Project Summary Age is the main risk factor for Alzheimer’s disease (AD), a neurodegenerative disorder rapidly increasing in both incidence and prevalence as the population becomes older. Unfortunately, AD is the only top ten cause of death with no effective treatments. Therefore, the development of disease-altering treatments for AD is an urgent and unmet need. Although the exact etiology of AD is unknown, microglia, the tissue-resident macrophages of the brain, have been implicated in disease pathogenesis based on the observation that genetic variants in several microglia-specific genes significantly alter disease risk. In the healthy brain, microglia maintain homeostasis through multiple modalities including phagocytic clearance of pathogens, apoptotic cells, and debris. In AD brains and age-matched clinically-unimpaired brains alike, microglia are dystrophic, hypo-motile, and burdened with lysosomal deposits indicative of impaired phagocytic degradation of debris. These findings suggest that the general decline in phagocytosis with age might underlie pathological neurodegeneration. However, the mechanisms of age-related microglial dysfunction are poorly understood. This proposal aims to elucidate the mechanisms of impaired microglial phagocytosis in the aging brain and to uncover therapeutic strategies to reverse this impairment in AD. Preliminary data suggest that cell-surface sialic acid, an immunomodulatory glycan modification, inhibits phagocytosis in aged microglia. Aim 1 combines biochemical and genetic tools to identify upstream and downstream signaling partners that transduce the anti- phagocytic effect of sialic acid on aged microglia. Aim 2 will evaluate the therapeutic potential of blocking the interaction between cell-surface sialic acid and its cognate receptor on microglia to promote phagocytosis and ameliorate cognitive decline in a mouse model of AD. These experiments will elucidate a mechanism of microglial dysfunction during normal aging with direct translational implications for patients with AD.
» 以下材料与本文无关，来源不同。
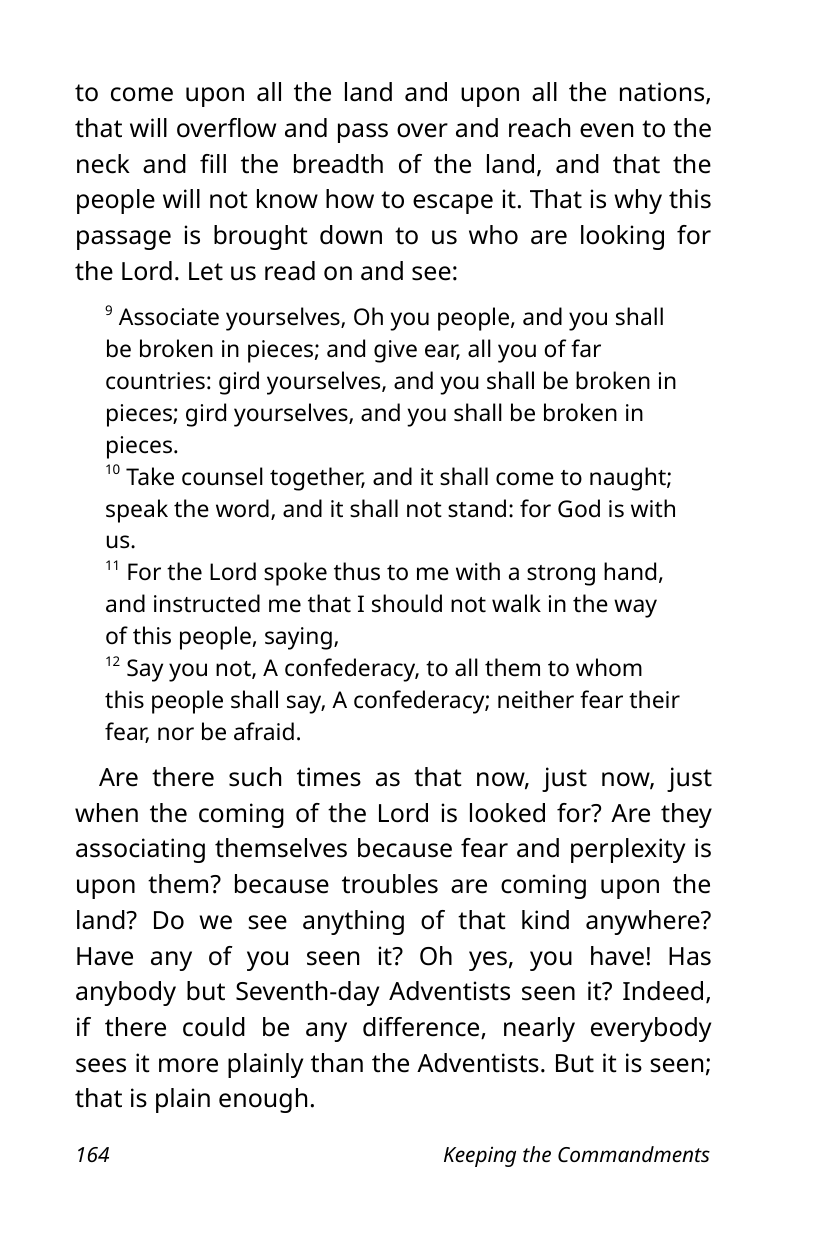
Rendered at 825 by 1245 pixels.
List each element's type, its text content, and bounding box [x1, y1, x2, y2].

text 9 Associate yourselves, Oh you people, and you shall be broken in pieces; and give ear, all you of far countries: gird yourselves, and you shall be broken in pieces; gird yourselves, and you shall be broken in pieces. [105, 301, 682, 460]
text 10 Take counsel together, and it shall come to naught; speak the word, and it shall not stand: for God is with us. [105, 461, 682, 556]
text 11 For the Lord spoke thus to me with a strong hand, and instructed me that I should not walk in the way of this people, saying, [105, 556, 682, 651]
text to come upon all the land and upon all the nations, that will overflow and pass over and reach even to the neck and fill the breadth of the land, and that the people will not know how to escape it. That is why this passage is brought down to us who are looking for the Lord. Let us read on and see: [75, 75, 712, 288]
text Are there such times as that now, just now, just when the coming of the Lord is looked for? Are they associating themselves because fear and perplexity is upon them? because troubles are coming upon the land? Do we see anything of that kind anywhere? Have any of you seen it? Oh yes, you have! Has anybody but Seventh-day Adventists seen it? Indeed, if there could be any difference, nearly everybody sees it more plainly than the Adventists. But it is seen; that is plain enough. [75, 759, 712, 1115]
text 12 Say you not, A confederacy, to all them to whom this people shall say, A confederacy; neither fear their fear, nor be afraid. [105, 652, 682, 747]

项目摘要 年龄是阿尔茨海默氏病（AD）的主要危险因素，神经退行性疾病迅速增加 随着人口年龄的增长，事件和患病率均已发生。不幸的是，广告是唯一的十大原因 没有有效治疗的死亡。因此，广告的改变疾病治疗是 紧急和未满足的需求。尽管AD的确切病因尚不清楚，小胶质细胞，但组织居民 基于观察到的，大脑的巨噬细胞已在疾病发病机理中暗示 几种小胶质细胞特异性基因的遗传变异显着改变了疾病的风险。在健康的大脑中 小胶质细胞通过多种方式维持体内稳态，包括病原体的吞噬清除， 凋亡细胞和碎屑。在广告大脑和年龄匹配的临床上无关的大脑中，小胶质细胞是 营养不良，运动不良，并用溶酶体沉积物燃烧，表明吞噬细胞降解受损 碎片。这些发现表明，随着年龄的增长，吞噬作用的总体下降可能是病理学的基础 神经变性。然而，与年龄相关的小胶质细胞功能障碍的机制知之甚少。 该建议旨在阐明衰老大脑中小胶质细胞增多症受损的机制 发现在AD中扭转这种障碍的治疗策略。初步数据表明细胞表面 唾液酸是一种免疫调节性聚糖修饰，抑制了老年小胶质细胞的吞噬作用。 AIM 1组合 生化和遗传工具，以识别上游和下游信号伴侣，可转导抗 唾液酸对老年小胶质细胞的吞噬作用。 AIM 2将评估阻止的治疗潜力 细胞表面唾液酸与其小胶质细胞上的同源受体之间的相互作用，以促进吞噬作用和 AD小鼠模型的认知能力下降。这些实验将阐明 正常衰老期间的小胶质细胞功能障碍对AD患者具有直接翻译的影响。